My last question is about your very short story, “The Evolution of Human Science,” also from 2000. I read this as a fairly upbeat story about a universe where humans can exist peacefully and productively alongside “metahumans,” who are these superintelligent entities they’ve created. There’s this great line that says, “We should always remember that the technologies that made metahumans possible were originally invented by humans, and they were no smarter than we.”

Is that a fair interpretation? And does that optimism apply to where you think we stand in the real world in relation to something like AI?

That story was written in response to an idea there was around 2000, when people were talking about the singularity and that we would transcend into something much greater. I was mostly thinking, well, why is everyone so certain they’re going to be the ones to transcend? Maybe transcendence isn’t going to be available to all of us, so what would it be like to live in a world where there are these incomprehensible things going on, and you’re sort of on the sidelines?
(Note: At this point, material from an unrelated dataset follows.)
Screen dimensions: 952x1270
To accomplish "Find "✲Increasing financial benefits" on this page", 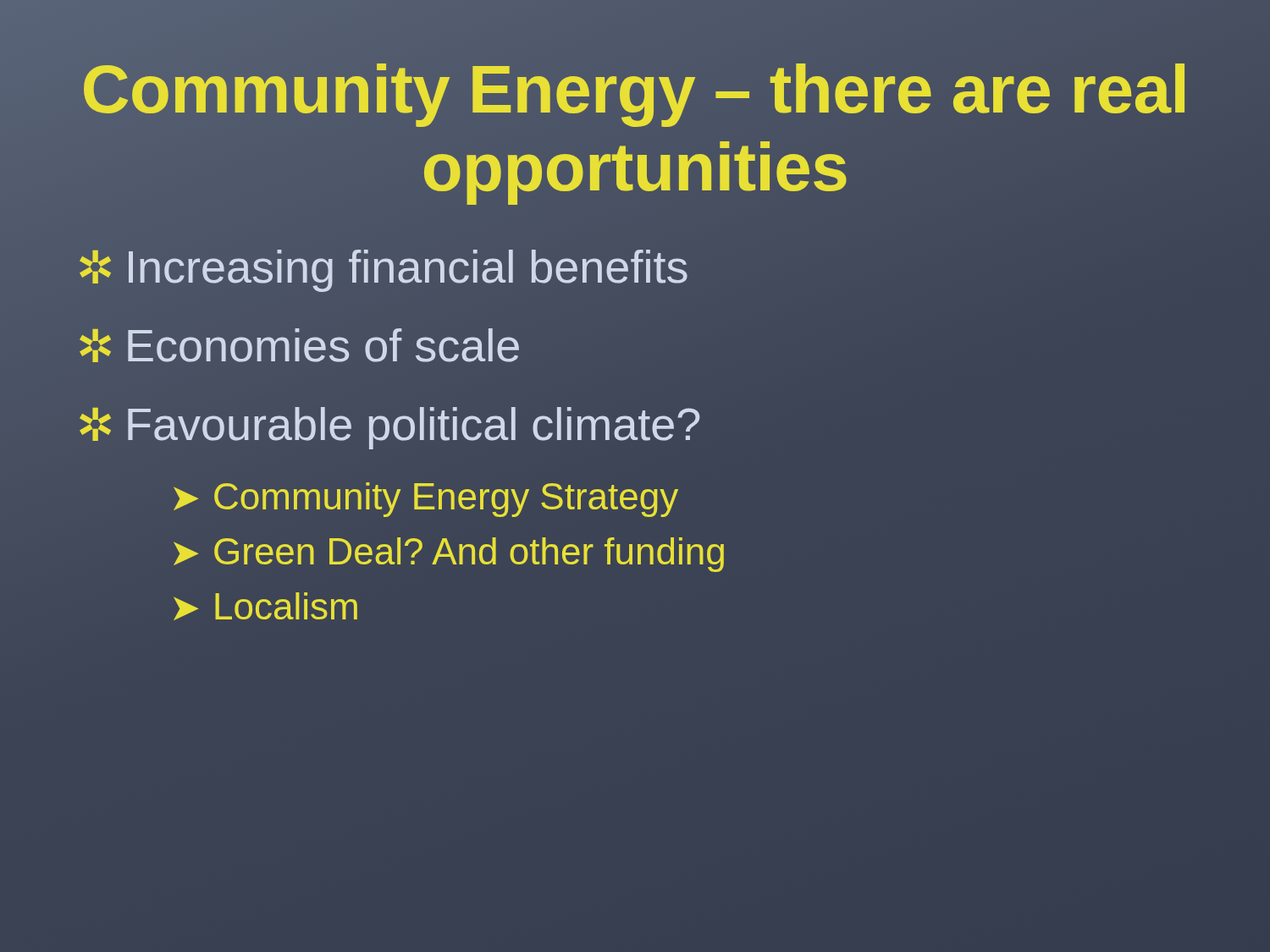I will 382,268.

But I don't think that that is actually applicable to our current situation here, because there are no super intelligent machines.There's no software that anyone has built that is smarter than humans. What we have created are vast systems of control. Our entire economy is this kind of engine that we can’t really stop. That’s a different thing than saying we’ve created machines smarter than us. We have built a giant treadmill that we can’t get off. Maybe.

It probably is possible to get off, but we have to recognize that we are all on this treadmill of our own making, and then we have to agree that we all want to get off. There are other countries that have a healthier relationship to the narrative of progress; there are countries where they have much healthier attitudes toward work than we have in the U.S. So I think those things are possible. But we have created a system, and now it is all we know. It’s hard for us to imagine life outside of it. And we are only building more tools that strengthen and reinforce that system.